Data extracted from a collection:

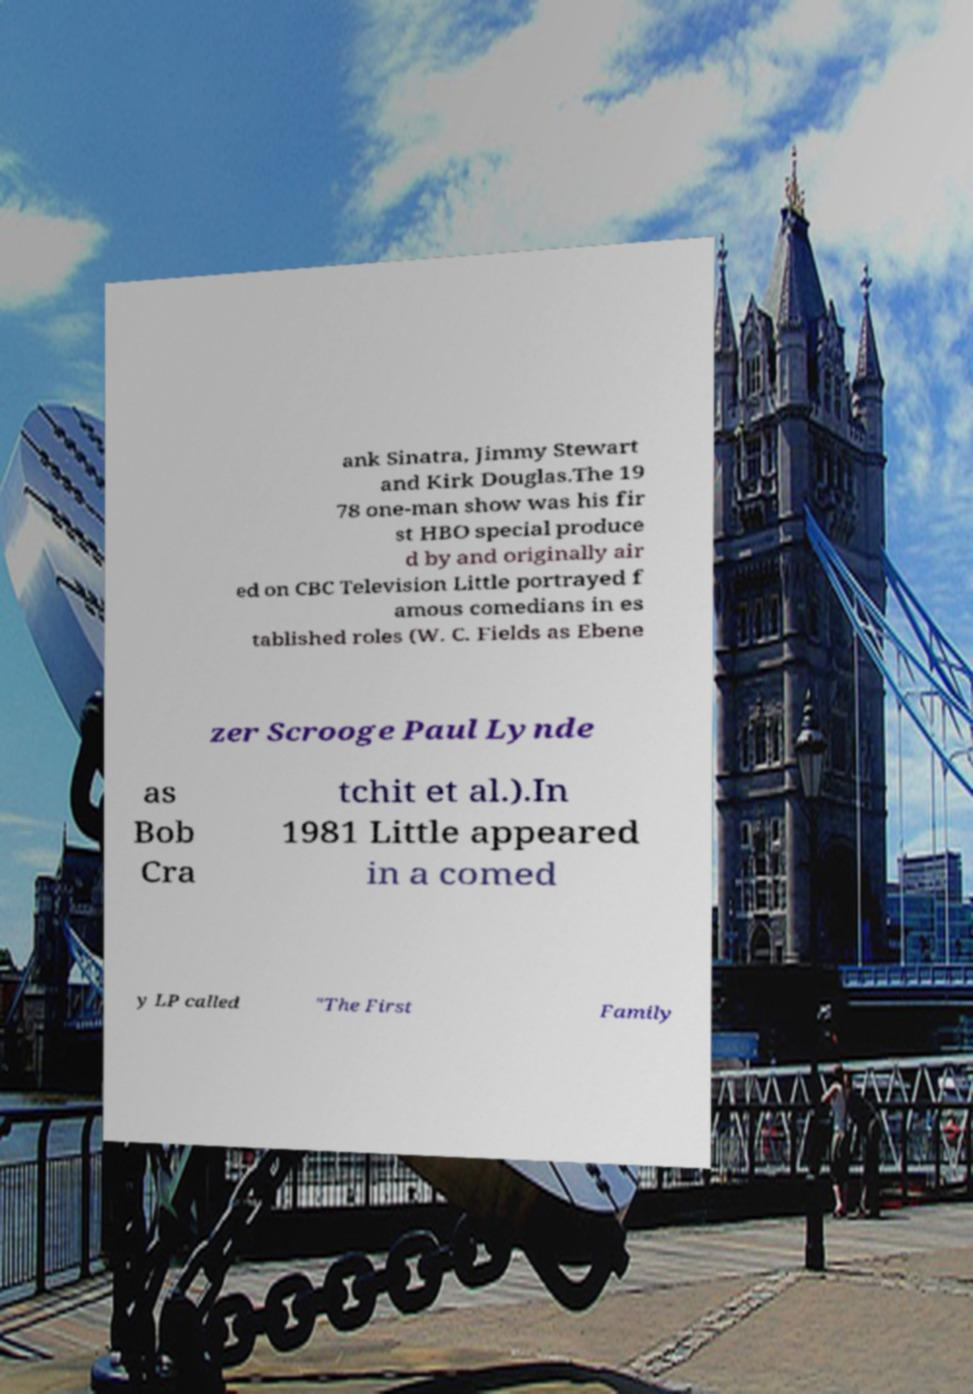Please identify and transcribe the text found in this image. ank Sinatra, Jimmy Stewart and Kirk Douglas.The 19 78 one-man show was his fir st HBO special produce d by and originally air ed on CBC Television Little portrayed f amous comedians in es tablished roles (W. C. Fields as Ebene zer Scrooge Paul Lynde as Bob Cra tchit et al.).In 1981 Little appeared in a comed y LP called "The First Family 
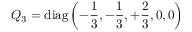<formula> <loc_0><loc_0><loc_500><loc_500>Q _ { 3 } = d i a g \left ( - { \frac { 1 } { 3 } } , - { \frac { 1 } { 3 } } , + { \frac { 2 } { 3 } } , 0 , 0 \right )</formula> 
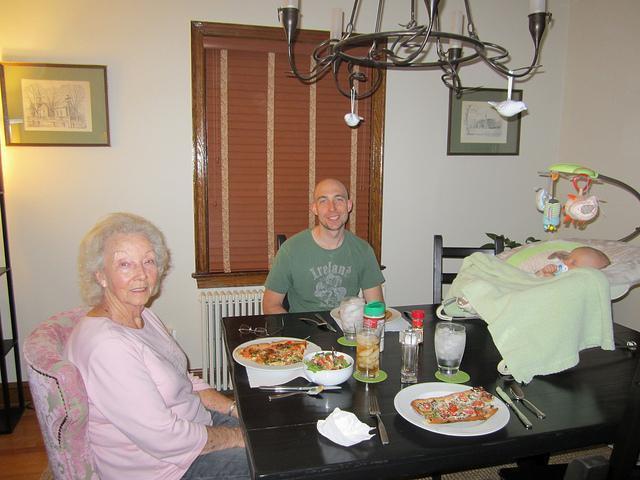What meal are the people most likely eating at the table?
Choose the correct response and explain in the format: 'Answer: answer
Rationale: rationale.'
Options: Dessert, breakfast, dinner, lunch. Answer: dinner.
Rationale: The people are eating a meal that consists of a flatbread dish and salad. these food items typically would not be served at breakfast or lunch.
---
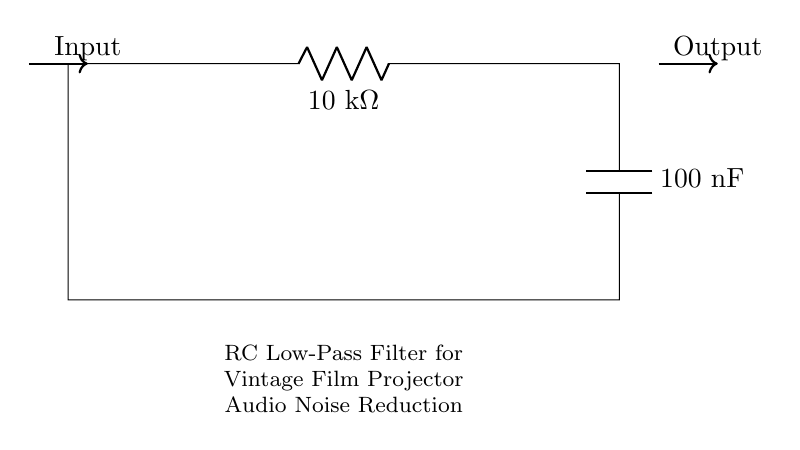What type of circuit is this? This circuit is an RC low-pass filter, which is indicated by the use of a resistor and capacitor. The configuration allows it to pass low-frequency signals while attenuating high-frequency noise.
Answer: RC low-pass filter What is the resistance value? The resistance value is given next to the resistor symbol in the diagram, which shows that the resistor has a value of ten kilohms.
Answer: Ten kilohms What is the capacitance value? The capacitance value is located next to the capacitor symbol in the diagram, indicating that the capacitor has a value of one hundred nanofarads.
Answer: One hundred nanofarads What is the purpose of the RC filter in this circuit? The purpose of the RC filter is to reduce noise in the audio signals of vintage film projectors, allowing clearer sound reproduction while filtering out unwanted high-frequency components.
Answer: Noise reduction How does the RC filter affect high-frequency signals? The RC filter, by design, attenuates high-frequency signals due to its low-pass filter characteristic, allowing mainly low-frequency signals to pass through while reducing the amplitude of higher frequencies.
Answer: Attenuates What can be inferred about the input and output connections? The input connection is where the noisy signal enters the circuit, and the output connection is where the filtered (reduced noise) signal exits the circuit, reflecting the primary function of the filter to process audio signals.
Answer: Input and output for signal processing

### Your instructions
Indicate how many lines in the records above include the word "nanofarads", giving no other content.

### Task solution
2